ESPR1 is an epithelial cell-type-specific splicing regulator (Warzecha et al., 2009 [PubMed 19285943]). [supplied by OMIM, Aug 2009]

Full Name

Epithelial Splicing Regulatory Protein 1

Research Area

mRNA splicing factor that regulates the formation of epithelial cell-specific isoforms. Specifically regulates the expression of FGFR2-IIIb, an epithelial cell-specific isoform of FGFR2. Also regulates the splicing of CD44, CTNND1, ENAH, 3 transcripts that undergo changes in splicing during the epithelial-to-mesenchymal transition (EMT). Acts by directly binding specific sequences in mRNAs. Binds the GU-rich sequence motifs in the ISE/ISS-3, a cis-element regulatory region present in the mRNA of FGFR2 (PubMed:19285943).
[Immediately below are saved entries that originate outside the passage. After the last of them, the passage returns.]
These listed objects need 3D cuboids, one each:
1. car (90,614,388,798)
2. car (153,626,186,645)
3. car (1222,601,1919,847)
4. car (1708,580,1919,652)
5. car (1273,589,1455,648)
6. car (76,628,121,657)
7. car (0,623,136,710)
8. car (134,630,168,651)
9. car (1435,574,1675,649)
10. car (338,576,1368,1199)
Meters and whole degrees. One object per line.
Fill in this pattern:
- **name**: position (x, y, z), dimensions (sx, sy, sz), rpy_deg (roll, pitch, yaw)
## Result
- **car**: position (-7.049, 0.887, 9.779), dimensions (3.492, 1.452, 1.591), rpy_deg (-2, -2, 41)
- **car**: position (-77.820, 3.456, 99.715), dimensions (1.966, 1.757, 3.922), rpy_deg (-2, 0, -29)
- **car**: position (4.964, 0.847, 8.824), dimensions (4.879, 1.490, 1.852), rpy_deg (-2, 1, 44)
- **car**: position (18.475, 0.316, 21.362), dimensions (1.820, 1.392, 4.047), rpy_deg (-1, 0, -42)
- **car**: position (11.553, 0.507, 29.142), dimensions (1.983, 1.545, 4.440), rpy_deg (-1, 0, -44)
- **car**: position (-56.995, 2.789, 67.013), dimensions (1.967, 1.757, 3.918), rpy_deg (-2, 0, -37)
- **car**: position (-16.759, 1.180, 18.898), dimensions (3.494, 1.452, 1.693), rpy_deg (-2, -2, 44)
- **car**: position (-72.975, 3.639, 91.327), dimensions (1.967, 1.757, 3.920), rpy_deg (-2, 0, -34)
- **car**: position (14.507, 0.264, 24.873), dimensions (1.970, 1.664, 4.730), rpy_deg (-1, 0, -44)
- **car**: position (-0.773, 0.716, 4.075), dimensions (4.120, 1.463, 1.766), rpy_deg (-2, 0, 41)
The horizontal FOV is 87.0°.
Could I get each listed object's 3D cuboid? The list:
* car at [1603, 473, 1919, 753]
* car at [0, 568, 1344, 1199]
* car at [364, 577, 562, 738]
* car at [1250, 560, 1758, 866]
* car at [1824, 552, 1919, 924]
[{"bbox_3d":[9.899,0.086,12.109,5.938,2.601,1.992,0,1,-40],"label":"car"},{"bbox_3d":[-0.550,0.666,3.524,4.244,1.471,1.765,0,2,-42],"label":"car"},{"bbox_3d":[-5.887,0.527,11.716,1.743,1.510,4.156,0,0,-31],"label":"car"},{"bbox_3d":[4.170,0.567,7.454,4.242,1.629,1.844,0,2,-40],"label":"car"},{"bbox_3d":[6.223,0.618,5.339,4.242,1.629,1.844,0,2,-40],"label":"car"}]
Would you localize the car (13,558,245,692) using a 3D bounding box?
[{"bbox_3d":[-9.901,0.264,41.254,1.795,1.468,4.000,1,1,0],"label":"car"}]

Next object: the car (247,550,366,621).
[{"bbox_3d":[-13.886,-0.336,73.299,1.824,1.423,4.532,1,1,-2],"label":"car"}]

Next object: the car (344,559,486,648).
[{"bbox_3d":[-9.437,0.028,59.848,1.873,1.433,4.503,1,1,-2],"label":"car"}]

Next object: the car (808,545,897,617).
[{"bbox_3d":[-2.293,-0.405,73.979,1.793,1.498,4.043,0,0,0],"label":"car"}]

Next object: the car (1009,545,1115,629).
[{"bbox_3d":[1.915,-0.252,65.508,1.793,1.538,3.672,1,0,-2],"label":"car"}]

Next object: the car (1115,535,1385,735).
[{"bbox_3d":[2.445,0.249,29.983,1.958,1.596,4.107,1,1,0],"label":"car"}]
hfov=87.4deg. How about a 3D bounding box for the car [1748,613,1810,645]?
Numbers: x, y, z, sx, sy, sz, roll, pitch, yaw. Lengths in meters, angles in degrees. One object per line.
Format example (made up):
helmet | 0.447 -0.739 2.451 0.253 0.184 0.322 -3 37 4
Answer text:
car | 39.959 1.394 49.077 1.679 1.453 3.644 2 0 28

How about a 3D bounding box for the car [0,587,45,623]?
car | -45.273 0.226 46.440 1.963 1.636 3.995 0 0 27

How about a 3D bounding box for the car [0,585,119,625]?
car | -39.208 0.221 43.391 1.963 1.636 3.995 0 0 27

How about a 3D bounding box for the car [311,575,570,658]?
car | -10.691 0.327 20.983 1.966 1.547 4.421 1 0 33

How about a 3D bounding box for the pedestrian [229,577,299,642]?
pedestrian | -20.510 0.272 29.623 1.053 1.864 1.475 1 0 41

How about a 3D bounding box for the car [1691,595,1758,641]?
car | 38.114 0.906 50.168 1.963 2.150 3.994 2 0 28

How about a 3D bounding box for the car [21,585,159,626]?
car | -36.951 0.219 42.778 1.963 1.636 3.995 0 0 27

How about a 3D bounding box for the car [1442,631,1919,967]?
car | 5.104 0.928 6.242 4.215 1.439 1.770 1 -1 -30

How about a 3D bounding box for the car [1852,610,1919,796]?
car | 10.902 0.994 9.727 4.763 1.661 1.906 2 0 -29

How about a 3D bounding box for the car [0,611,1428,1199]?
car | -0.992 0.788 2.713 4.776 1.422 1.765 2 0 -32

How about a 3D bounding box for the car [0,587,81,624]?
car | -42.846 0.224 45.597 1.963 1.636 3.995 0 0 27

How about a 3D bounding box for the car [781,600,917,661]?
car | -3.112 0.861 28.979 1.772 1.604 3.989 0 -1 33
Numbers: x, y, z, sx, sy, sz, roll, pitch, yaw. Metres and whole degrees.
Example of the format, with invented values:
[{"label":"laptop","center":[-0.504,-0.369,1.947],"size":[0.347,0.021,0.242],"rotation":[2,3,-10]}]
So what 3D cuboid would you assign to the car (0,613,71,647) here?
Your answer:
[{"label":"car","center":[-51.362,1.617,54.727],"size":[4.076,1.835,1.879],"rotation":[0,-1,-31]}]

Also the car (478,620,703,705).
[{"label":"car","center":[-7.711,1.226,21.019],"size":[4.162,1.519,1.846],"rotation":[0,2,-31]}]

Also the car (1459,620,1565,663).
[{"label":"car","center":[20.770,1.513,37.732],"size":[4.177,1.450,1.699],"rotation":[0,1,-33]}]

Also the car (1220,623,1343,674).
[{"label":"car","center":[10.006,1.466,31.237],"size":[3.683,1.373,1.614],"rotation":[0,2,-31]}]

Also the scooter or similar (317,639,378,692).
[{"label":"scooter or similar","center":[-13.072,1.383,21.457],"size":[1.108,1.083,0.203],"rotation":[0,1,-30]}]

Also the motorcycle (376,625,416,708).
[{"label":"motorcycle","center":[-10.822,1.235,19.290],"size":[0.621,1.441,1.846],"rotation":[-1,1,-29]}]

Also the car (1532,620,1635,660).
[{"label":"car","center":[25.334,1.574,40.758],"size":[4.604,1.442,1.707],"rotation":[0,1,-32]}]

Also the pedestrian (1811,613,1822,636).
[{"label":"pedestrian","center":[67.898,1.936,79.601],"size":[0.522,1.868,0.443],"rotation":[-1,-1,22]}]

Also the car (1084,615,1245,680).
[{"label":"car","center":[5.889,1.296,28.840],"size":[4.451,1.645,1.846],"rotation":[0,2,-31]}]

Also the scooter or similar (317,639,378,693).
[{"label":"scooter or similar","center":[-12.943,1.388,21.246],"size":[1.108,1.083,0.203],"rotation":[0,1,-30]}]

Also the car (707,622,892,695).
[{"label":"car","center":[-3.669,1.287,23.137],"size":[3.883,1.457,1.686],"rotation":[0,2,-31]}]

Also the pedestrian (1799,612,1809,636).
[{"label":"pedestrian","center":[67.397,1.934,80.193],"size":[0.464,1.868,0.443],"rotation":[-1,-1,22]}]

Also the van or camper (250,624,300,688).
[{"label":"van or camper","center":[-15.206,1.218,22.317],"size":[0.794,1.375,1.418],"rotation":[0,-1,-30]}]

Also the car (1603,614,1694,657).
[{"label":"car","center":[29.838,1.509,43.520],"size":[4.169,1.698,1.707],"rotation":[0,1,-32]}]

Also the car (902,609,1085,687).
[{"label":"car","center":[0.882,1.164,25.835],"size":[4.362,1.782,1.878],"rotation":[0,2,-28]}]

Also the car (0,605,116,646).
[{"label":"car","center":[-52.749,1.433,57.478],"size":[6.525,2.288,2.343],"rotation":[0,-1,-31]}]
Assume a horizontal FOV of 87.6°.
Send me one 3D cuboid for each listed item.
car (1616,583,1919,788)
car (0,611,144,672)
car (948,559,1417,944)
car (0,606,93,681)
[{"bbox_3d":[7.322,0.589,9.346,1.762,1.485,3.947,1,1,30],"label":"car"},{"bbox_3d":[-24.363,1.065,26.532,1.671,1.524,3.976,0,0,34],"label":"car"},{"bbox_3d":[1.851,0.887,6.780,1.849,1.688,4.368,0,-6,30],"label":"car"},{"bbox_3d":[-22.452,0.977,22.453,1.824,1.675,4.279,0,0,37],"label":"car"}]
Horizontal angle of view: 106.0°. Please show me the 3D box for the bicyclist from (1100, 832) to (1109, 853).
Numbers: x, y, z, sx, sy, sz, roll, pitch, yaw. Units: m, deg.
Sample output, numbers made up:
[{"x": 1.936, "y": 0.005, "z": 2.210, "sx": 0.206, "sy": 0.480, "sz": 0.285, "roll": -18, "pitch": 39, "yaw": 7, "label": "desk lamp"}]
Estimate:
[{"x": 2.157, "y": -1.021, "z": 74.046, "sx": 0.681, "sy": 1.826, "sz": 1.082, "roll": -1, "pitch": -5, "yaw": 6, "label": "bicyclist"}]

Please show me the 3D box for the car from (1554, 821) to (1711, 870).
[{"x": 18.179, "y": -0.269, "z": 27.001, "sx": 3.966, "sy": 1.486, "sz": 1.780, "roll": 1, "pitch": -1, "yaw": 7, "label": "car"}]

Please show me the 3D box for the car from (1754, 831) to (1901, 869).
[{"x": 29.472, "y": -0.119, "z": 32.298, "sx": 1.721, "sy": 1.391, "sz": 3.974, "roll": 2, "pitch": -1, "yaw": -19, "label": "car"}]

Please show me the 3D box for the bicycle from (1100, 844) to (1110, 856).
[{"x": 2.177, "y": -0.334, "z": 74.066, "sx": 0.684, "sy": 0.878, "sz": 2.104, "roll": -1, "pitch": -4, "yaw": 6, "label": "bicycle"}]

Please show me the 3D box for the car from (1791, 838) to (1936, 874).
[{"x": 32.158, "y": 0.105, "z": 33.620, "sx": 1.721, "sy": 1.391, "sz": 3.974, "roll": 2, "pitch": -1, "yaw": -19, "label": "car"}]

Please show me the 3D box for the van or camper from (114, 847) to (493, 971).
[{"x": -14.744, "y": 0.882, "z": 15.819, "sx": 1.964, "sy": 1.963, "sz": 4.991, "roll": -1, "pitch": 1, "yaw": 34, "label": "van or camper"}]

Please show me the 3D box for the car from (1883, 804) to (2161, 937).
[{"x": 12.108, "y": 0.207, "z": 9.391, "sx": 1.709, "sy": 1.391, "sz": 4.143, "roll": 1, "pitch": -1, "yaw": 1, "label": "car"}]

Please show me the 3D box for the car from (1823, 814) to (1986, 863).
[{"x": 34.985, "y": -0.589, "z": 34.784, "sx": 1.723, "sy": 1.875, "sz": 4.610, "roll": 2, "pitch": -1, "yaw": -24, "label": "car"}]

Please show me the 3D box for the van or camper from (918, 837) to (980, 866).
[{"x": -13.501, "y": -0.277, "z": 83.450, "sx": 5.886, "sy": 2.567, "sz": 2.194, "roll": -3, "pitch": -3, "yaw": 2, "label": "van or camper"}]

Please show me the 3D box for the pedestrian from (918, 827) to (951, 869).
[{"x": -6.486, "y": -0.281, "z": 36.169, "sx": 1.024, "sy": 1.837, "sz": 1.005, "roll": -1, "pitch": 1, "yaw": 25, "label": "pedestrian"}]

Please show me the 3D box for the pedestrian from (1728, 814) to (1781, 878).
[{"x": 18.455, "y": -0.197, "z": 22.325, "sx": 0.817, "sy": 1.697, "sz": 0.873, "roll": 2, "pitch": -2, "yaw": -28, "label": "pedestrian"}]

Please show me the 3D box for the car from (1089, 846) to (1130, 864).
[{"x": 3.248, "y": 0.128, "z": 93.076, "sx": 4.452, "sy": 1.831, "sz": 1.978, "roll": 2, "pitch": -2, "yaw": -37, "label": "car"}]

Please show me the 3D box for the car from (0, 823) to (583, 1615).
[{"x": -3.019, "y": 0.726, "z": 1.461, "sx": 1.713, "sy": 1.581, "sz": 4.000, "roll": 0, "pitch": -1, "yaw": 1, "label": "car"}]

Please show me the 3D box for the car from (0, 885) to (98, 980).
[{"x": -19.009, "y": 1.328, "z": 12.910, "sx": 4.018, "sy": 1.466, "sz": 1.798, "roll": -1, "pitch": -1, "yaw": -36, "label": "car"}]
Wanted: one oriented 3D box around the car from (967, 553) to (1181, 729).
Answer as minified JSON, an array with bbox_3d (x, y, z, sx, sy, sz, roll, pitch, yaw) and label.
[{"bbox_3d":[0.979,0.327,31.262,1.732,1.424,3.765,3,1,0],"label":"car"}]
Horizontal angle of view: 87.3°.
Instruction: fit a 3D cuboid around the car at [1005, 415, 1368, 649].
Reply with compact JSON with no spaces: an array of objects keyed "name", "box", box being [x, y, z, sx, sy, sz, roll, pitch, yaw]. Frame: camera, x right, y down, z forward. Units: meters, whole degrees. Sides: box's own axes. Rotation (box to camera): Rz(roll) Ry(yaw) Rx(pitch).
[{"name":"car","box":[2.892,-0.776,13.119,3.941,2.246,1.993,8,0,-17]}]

Regulates splicing and expression of genes involved in inner ear development, auditory hair cell differentiation, and cell fate specification in the cochlear epithelium (By similarity).

Biological Process

mRNA processing Source: UniProtKB-KW
Regulation of inner ear auditory receptor cell fate specification Source: UniProtKB
Regulation of RNA splicing Source: UniProtKB
RNA splicing Source: UniProtKB-KW

Cellular Location

Nucleus

Involvement in disease

Deafness, autosomal recessive, 109 (DFNB109):
A form of non-syndromic, sensorineural deafness characterized by bilateral, congenital, severe to profound hearing loss. Sensorineural deafness results from damage to the neural receptors of the inner ear, the nerve pathways to the brain, or the area of the brain that receives sound information. DFNB109 affected individuals additionally exhibit vestibular dysplasia, although they do not manifest problems with balance or movement.